At the time, I had good reason to be searching for something in Trakl’s poems. On the day we discussed them in class, I had attended the funeral of my great-uncle, and the next day was the one-month anniversary of my uncle’s passing. While one was young and the other old, one a tragedy and one just “part of life,” neither one was (is) easy to deal with. End and finality is never easy to deal with. And besides, I could not force myself to feel that this was an end.

Trakl seems to be playing with this idea of the end not being an end, or more precisely, of everything actually being an end, so that end ceases to be an end because there is nothing that is not end, and to quote Professor McGonagall, Vanished objects go “Into nonbeing, which is to say, everything.” Does the dawn interrupt two separate nights? Does the night signal the end of the day? Trakl doesn’t seem to find an answer, but instead finds a state of mind in which to contemplate and live with this question: “sanftem Wahnsinn” or “weichem Wahnsinn” – gentle madness, soft madness. And that’s the term I’d use to describe the tone of Trakl’s poetry.

The circularity of Trakl’s poems means in some ways it’s difficult to find the punctum – Barthes’ idea of the point in the text which punctures you, the point through which you enter and understand the text.
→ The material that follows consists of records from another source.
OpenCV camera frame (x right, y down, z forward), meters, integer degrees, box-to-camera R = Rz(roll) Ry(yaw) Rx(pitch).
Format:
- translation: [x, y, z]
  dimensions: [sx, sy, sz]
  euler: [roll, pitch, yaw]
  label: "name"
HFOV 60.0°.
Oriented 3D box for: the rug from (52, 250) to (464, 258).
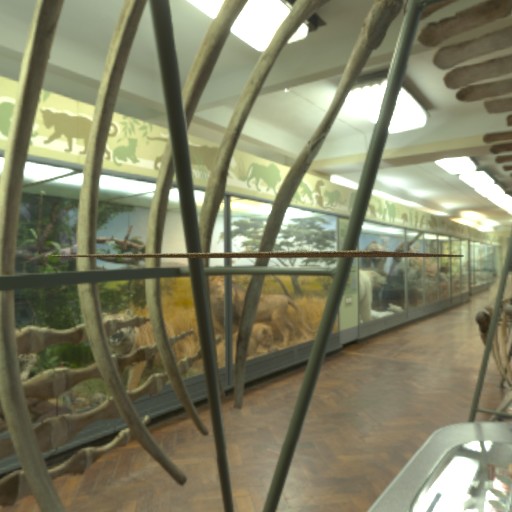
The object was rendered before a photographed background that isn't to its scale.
- translation: [0.000, 0.000, 2.794]
  dimensions: [2.141, 0.013, 1.566]
  euler: [0, -1, 36]
  label: "rug"

My list of possibilities includes death, glimmers, blue, soul, silence, madness… But I wonder if the quest for the punctum is futile, because what I see in these poems is an argument for a lack of “punctuation” as such. How can you put a period – a full stop – between one sentence and the next, one idea and the next, one state of being and the next, when you can barely begin to extricate one from the other?


The leaves fall down, autumnal days
Their colors flare and slowly fade
Bare trees above, their branches sway
As on the ground the leaves lie still

No motion from the leaves now still
Their days of dancing gone away
But when the wind blows through their ranks
They flutter though they have no life

And as they crumble into bits
Begin to disappear from sight
We watch their outlines smudge and fade
They dissipate into the air

It seems they’re gone and none remain
The shreds now tumble far and wide
They’ve spread across the atmosphere
Become as one with all that’s there

And yet the ground retains their stains
The outlines of the leaves still clear
Their colors all have gone but one
That one combining all the rest

The leaves are gone, they are no more
And yet we feel their presence there
Their essence left upon the ground
Where we can see the truth of leaves

We cannot hold these stains of leaves
Our hands can never feel their veins
What good are stains when crumbled bits
Are tumbling unseen through the air?